* INPUT:
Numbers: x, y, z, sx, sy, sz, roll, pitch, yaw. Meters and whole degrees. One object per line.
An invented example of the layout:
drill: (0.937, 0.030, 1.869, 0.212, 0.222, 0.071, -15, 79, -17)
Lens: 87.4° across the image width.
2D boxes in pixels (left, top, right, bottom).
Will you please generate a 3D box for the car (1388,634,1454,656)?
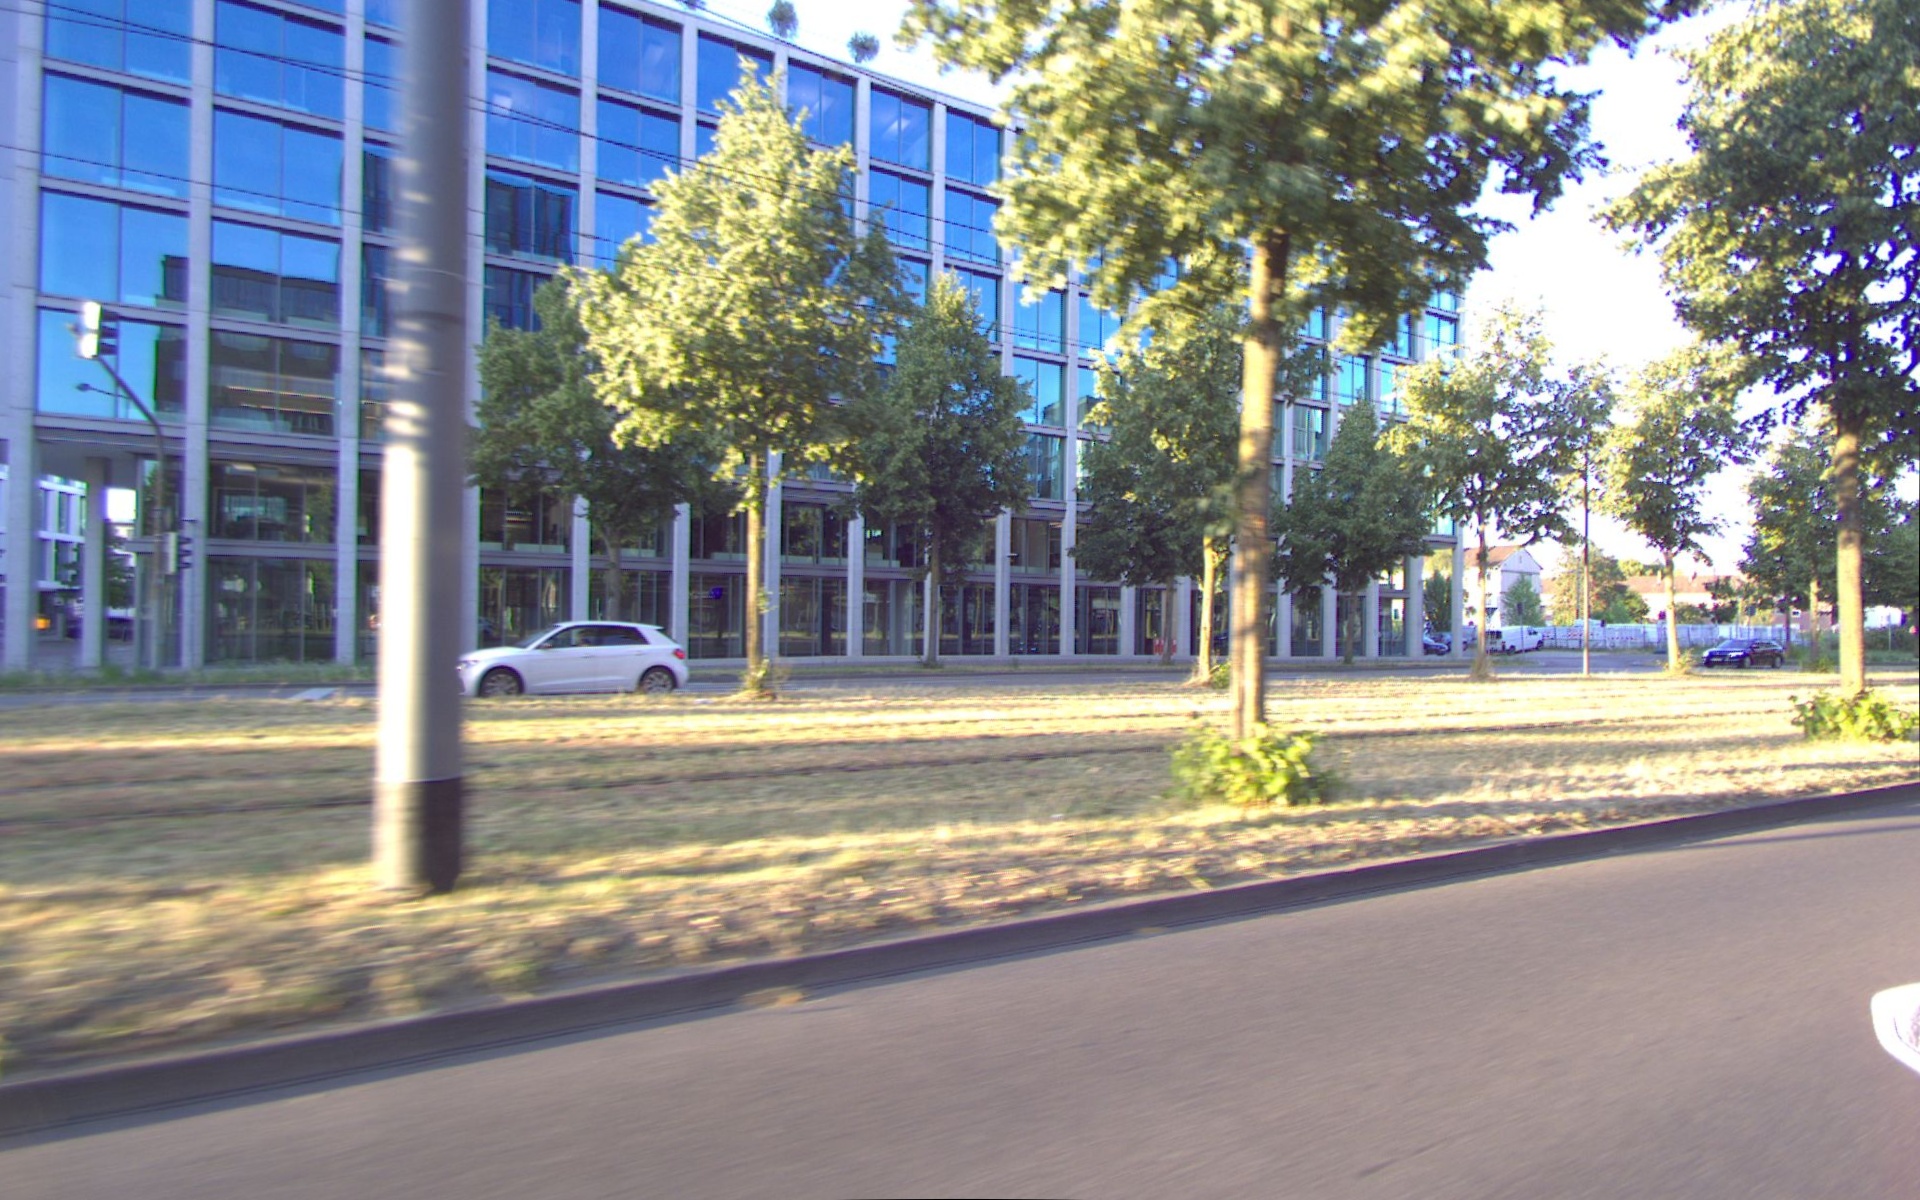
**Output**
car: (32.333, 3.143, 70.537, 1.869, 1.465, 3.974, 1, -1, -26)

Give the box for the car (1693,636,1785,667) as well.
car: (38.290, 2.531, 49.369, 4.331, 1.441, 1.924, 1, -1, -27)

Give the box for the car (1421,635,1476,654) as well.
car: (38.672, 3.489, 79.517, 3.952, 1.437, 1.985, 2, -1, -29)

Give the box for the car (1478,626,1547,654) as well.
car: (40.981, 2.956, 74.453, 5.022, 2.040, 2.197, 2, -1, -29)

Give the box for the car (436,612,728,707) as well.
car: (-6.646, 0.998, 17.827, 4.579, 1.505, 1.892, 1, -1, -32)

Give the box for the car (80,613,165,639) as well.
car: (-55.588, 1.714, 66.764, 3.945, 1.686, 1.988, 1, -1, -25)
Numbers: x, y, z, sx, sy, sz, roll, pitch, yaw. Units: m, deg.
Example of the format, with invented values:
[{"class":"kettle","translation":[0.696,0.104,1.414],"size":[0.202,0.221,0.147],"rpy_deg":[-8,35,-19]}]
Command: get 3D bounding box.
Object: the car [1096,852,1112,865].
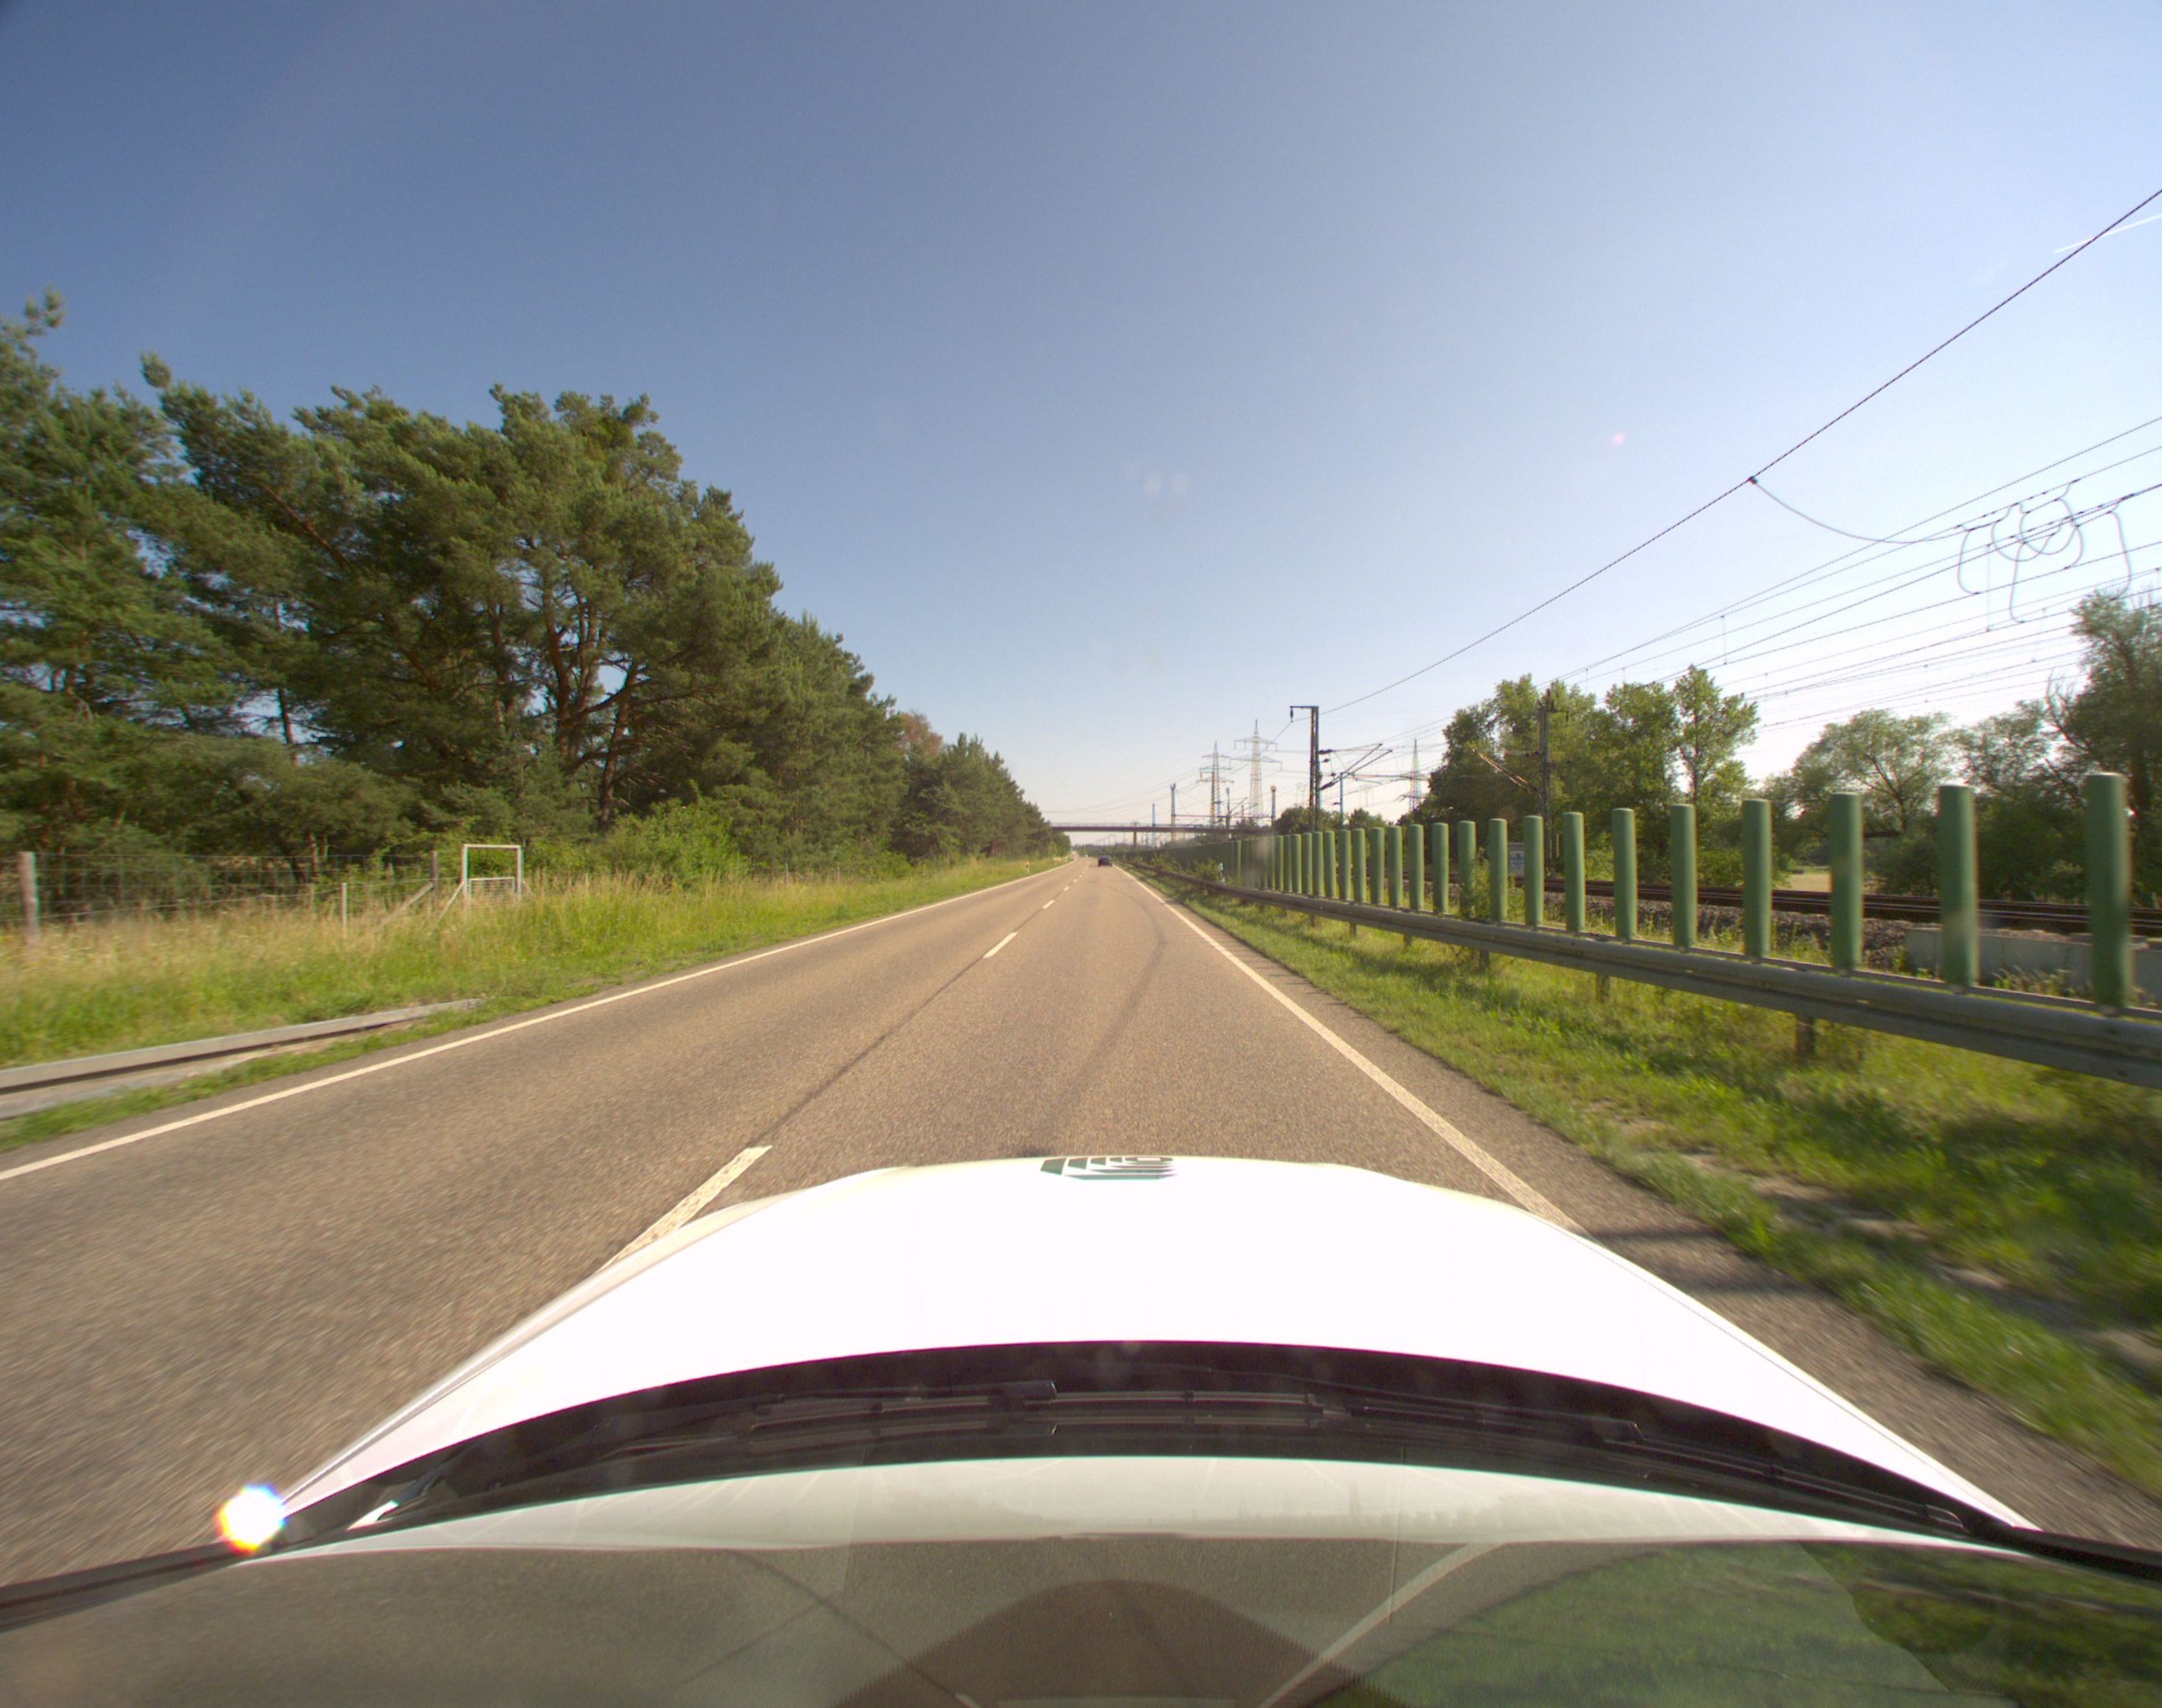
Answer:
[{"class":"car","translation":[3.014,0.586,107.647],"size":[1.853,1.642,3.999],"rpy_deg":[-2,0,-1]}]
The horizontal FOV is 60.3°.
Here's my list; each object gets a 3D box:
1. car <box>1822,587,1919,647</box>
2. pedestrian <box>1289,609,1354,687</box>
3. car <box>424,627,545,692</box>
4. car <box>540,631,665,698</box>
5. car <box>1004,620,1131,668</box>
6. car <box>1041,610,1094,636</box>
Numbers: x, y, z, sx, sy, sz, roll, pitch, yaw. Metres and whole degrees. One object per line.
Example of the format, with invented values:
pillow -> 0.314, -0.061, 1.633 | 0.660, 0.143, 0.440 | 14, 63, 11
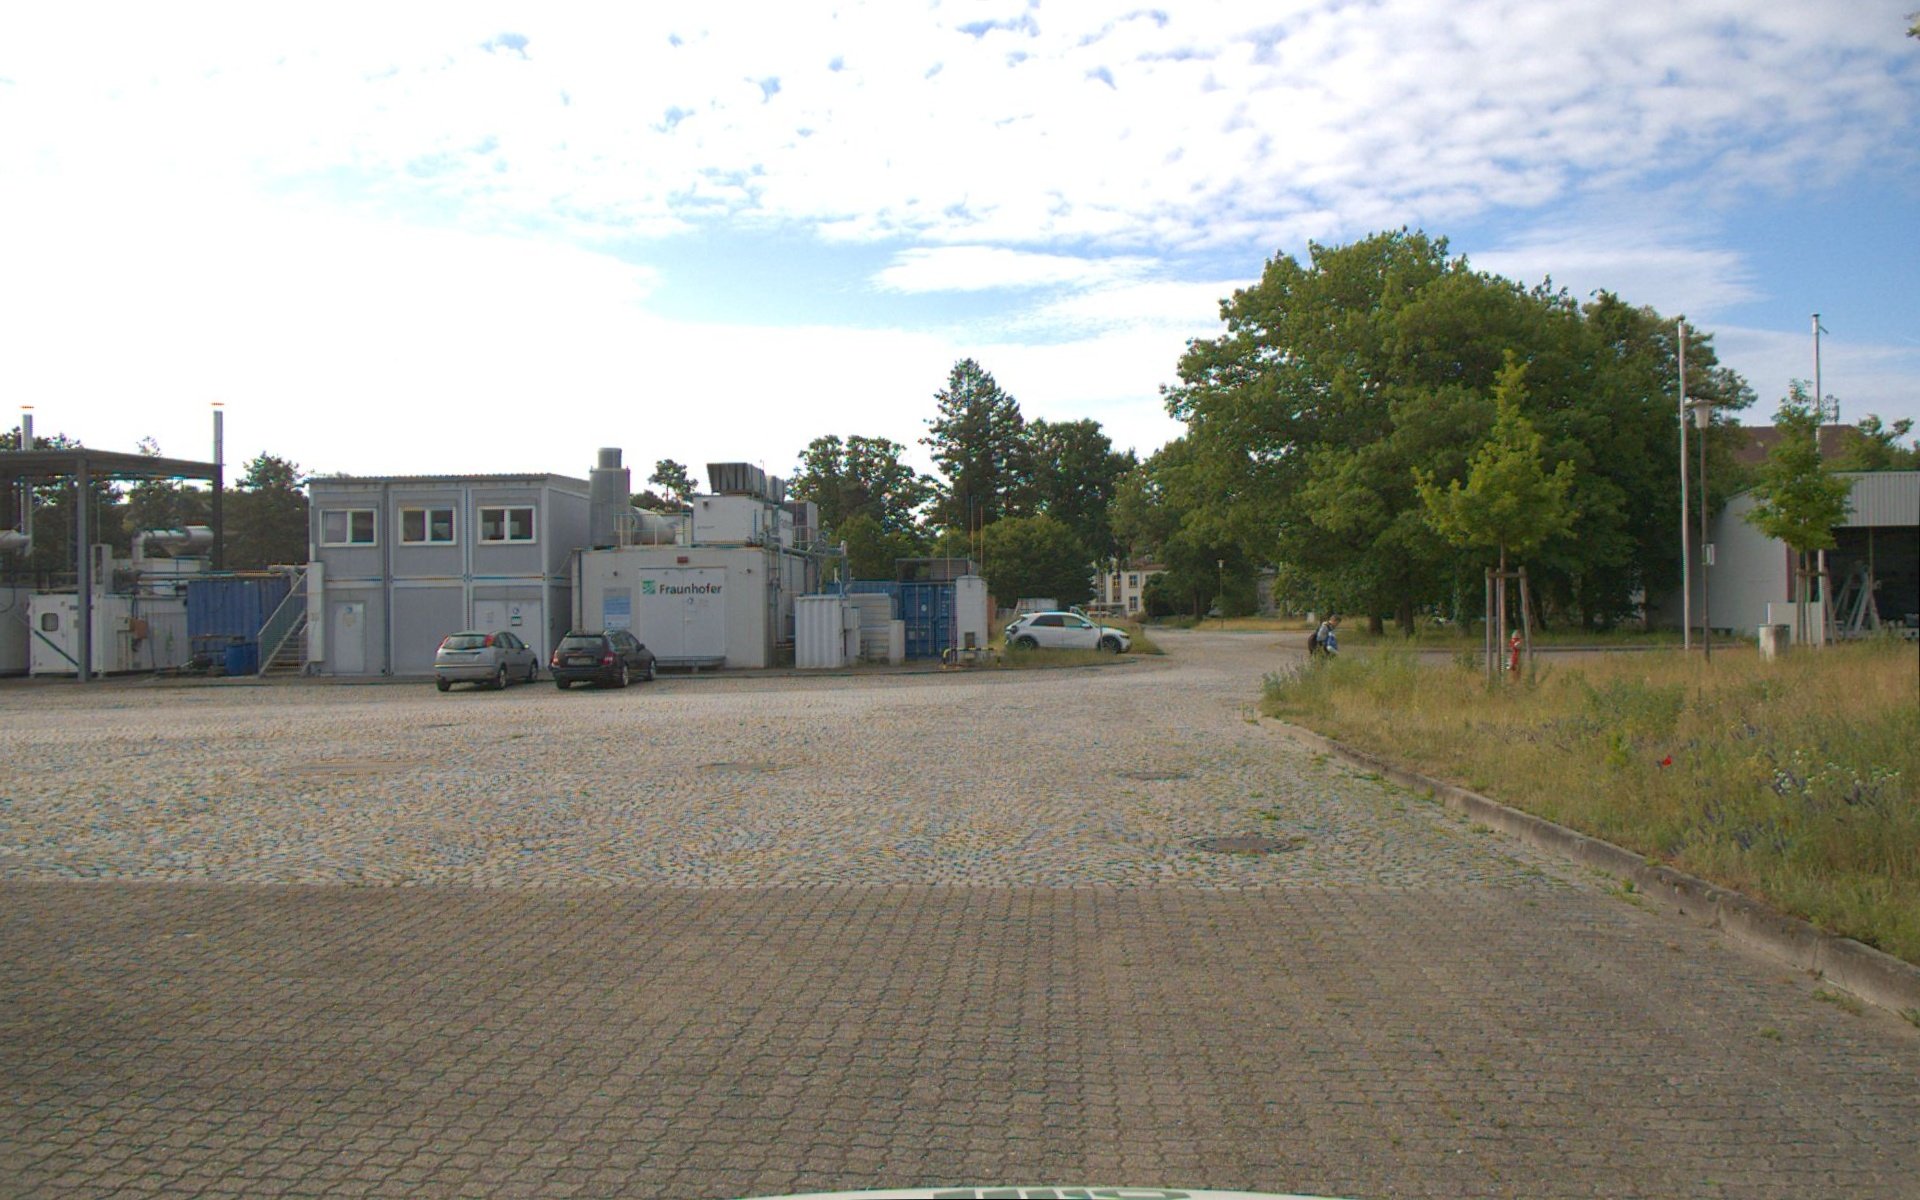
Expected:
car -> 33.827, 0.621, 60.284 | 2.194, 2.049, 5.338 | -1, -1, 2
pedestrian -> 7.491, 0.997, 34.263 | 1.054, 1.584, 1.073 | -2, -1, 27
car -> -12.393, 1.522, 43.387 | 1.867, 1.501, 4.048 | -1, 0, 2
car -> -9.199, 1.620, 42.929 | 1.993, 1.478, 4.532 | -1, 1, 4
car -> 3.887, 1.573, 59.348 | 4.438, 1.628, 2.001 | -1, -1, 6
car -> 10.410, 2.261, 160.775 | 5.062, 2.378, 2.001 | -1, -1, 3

* TASK TO CARRY OUT: Please copy each line of the records above that holds the word "degrees".

* EXERCISE RESULT:
Numbers: x, y, z, sx, sy, sz, roll, pitch, yaw. Meters and whole degrees. One object per line.
Numbers: x, y, z, sx, sy, sz, roll, pitch, yaw. Metres and whole degrees. One object per line.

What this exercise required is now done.